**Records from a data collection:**

+ + +

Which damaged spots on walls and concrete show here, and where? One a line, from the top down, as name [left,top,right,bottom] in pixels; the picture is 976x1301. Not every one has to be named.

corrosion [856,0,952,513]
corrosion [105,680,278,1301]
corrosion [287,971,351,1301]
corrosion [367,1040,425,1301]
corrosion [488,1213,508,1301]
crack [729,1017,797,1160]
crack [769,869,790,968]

+ + +

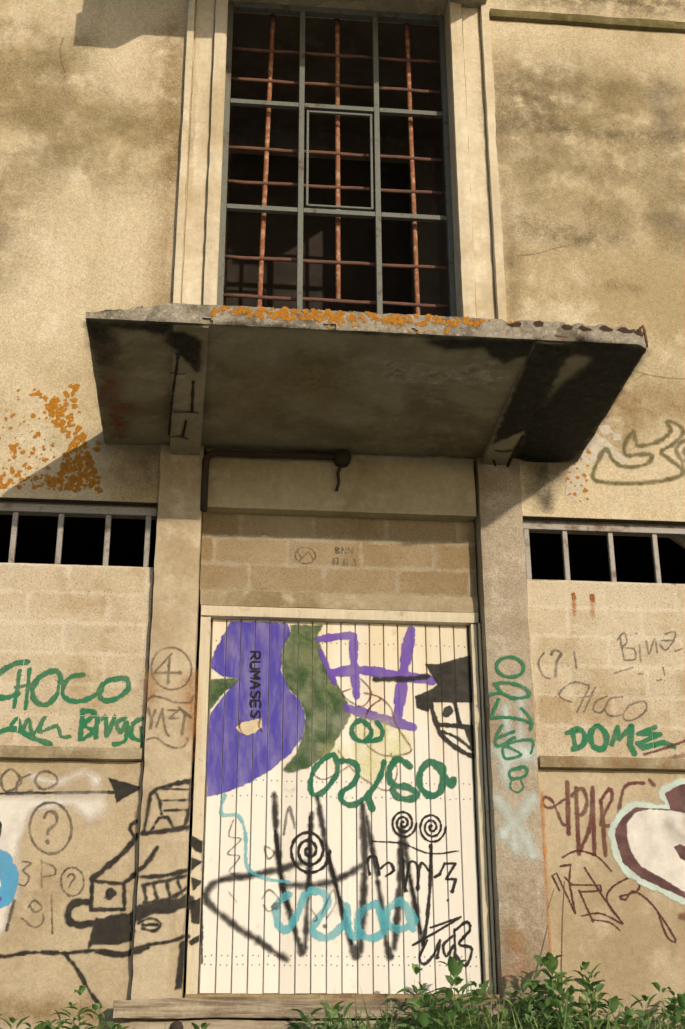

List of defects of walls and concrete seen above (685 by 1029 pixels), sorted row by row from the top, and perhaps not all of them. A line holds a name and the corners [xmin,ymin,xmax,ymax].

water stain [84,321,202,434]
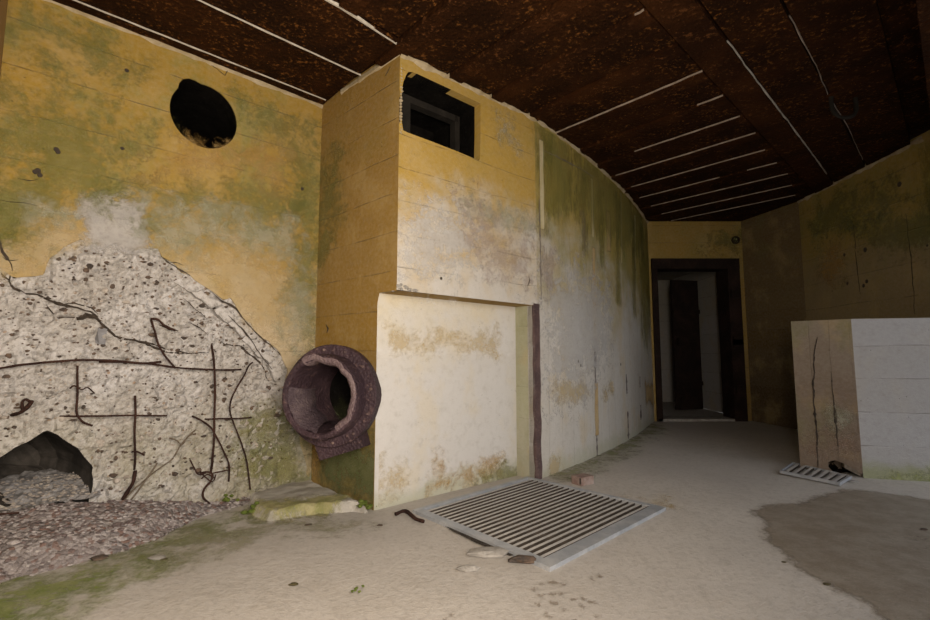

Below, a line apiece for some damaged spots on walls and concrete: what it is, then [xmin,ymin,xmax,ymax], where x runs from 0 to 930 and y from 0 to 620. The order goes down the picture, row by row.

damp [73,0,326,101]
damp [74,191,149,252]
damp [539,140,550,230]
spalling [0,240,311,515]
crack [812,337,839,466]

+ + +

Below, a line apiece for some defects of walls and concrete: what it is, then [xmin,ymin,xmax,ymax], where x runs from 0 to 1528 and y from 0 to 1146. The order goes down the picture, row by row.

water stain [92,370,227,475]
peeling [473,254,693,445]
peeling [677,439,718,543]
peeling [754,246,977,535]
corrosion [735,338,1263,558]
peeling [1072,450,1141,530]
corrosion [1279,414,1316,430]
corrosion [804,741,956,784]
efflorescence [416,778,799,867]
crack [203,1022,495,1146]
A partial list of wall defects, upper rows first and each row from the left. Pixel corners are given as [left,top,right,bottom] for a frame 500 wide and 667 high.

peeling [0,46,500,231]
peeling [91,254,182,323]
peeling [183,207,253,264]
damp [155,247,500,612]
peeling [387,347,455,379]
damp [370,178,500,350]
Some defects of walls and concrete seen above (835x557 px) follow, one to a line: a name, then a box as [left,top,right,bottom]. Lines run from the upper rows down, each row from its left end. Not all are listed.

+ + +

**Exercise instructions:**
An exact copy of the lines above, from the one containing "A partial list" through the one containing "Some defects of walls and concrete seen", is the whole of the answer.

**Task output:**
A partial list of wall defects, upper rows first and each row from the left. Pixel corners are given as [left,top,right,bottom] for a frame 500 wide and 667 high.

peeling [0,46,500,231]
peeling [91,254,182,323]
peeling [183,207,253,264]
damp [155,247,500,612]
peeling [387,347,455,379]
damp [370,178,500,350]
Some defects of walls and concrete seen above (835x557 px) follow, one to a line: a name, then a box as [left,top,right,bottom]. Lines run from the upper rows down, each row from its left end. Not all are listed.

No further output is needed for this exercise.